Most had assumed a contract ratification vote would be held later in the year in a separate special session, but the Republican governor says he wants to wrap it up now.
"I see no justification for extending this process beyond the decision making obligation we have here," Murkowski said. "Nobody's walking out of here without taking a position and standing up and being counted."
To reach a ratification vote, the Legislature would first have to pass an oil tax rewrite and a bill authorizing the governor to negotiate oil taxes in the contract.
Both bills have failed in previous sessions.
Murkowski sidestepped the question of whether he would unilaterally execute the contract if the Legislature votes it down. Recent legal opinions say the governor may be able to do so.
"I will be bound by the law and the state constitution, and that I think is adequate and appropriate for the governor and that is where I stand on the issue," Murkowski said.
He declined to answer what his interpretation of the law is.
Democratic lawmakers have been saying the gas contract proposal and the governor's oil tax plan give away too much to the oil companies, and that they shouldn't have been linked in the first place. Now, they say, that view has spread and it will doom the governor's deal if Murkowski forces a vote.
"I think if you were to put a proposal, his current proposal, in front the Legislature, it would be rejected soundly and it would be rejected across party lines," said House Minority Leader Ethan Berkowitz, D-Anchorage.
Earlier Thursday, Murkowski addressed the state House and Senate in a joint session. He hammered the message for lawmakers to pass his version of the oil tax plan - a twice-rejected 20 percent tax on companies' Alaska profits - and he also tried to squelch alternative proposals that have bubbled up.
Murkowski also prodded lawmakers to give him the power to execute his gas contract, invoking a recent federal report that says the market opportunity for Alaska to sell its 35 trillion cubic feet of gas reserves may be slipping with massive imports of liquefied natural gas expected to arrive on American shores in the coming years.
He said the contract needs to be acted upon before voters decide in November on a gas reserves tax initiative, which would tax oil companies $1 billion for every year they don't develop the state's gas reserves.
Murkowski says that tax would kill the pipeline project, but his contract with the producers would shield them from it. That means the contract needs to be in place by November, requiring legislative action now, he said.

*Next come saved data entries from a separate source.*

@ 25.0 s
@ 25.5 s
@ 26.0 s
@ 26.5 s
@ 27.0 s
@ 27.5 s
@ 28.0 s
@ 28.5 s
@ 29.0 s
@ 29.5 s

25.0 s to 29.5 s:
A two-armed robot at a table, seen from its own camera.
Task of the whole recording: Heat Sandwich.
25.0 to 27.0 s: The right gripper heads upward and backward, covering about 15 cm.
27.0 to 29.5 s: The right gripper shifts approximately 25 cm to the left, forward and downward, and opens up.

"Those who advise you to gavel out, to go home without acting or to wait until November are either ignorant of the LNG and the reserve tax threats to this project, or simply don't care," Murkowski told lawmakers.

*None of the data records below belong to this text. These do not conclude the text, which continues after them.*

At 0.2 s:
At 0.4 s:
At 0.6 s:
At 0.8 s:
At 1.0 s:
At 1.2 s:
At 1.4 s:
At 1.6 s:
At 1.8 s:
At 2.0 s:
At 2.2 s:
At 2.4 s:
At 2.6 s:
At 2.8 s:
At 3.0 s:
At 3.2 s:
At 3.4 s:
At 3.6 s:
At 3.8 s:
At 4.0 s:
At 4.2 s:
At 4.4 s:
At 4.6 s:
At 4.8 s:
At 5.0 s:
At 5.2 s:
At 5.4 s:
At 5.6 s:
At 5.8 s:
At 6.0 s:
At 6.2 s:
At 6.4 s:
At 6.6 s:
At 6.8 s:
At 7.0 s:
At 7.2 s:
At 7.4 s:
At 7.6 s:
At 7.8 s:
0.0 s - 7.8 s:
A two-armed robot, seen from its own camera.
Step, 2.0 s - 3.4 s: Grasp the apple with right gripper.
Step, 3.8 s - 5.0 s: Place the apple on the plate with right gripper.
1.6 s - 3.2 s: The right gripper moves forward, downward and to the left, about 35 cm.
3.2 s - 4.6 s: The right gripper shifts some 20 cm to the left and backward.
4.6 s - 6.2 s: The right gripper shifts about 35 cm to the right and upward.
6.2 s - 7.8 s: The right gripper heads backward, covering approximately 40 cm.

But the governor may have a hard time getting past step one: Replacing the state's oil and gas production tax with one based on companies' net profits. Lawmakers have not been swayed by Murkowski's argument that a 20 percent flat tax is the best balance for raising revenue and increasing investment that will slow Alaska's decline in production.
Twice they have adjourned after failing to compromise on a higher tax rate, even after adding a sliding tax scale that would kick in when oil goes over $50 per barrel.

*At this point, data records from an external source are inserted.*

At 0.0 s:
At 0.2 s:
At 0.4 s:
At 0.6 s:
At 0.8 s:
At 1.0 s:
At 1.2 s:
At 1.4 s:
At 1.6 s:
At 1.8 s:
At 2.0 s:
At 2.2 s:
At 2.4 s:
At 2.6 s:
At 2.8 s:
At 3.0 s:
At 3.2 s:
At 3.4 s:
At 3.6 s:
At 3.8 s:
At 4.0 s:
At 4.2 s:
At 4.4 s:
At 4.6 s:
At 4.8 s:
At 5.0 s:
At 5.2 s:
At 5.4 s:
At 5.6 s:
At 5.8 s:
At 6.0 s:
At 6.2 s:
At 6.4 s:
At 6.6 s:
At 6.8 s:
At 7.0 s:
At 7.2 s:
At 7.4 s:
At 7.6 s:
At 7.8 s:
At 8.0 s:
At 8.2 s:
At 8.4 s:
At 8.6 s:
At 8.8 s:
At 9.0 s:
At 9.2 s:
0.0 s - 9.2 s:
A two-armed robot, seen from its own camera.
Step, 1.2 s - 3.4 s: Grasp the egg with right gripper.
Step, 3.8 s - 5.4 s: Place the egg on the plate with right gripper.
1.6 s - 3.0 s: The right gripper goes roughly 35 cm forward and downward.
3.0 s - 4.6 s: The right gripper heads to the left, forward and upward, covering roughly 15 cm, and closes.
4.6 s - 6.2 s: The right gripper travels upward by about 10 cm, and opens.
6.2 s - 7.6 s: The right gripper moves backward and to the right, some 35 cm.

And this time, other tax plans have been submitted. Democratic Reps. Eric Croft and Les Gara of Anchorage submitted separate bills Thursday that would base the tax on gross oil production instead of profits. Sen. Tom Wagoner, R-Kenai, is working on a similar bill.
The Democrats have long criticized the net-profits system, saying companies will be able to manipulate the it by inflating their costs, thereby lessening their tax burden. A tax based on gross production won't be as easy to "game," they say.
Murkowski spent a good portion of his speech trying to deflate the momentum the gross production tax plan seems to be gaining. He said the concerns about manipulating the profits tax are "ill-founded" and a tax in which companies' costs are not considered won't give them an incentive to investing the state.
"They want to kill it. They want to come back and start all over again in, whatever, in a year or two, or whatever," Murkowski said later of supporters of the gross production tax. "They're for a gas line, but they're not for it now for reasons we can all speculate."
The governor, who faces a competitive primary election Aug. 22, also used the podium to do a little campaigning: He promised that in the next legislative session - after the election - he will propose to use money from the new oil tax to refund homeowners $1,000 each for their property taxes.
Immediately after Murkowski's address, the Legislature took a vote on whether to override the governor's line-item veto of $73.5 million in utility projects struck from the capital budget.
The vote to restore the money to utilities along the state's railbelt won a 27-24 majority, but it failed because 45 votes are needed to override the veto.
Rep. Bill Stoltze, R-Chugiak, called for the vote, saying the veto was a shock to many legislators and a jolt to the customers living in the utilities' areas.
Murkowski says he vetoed the money so the utilities in Southcentral Alaska and the Interior would work together to increase generating capacity and meet rising energy demand.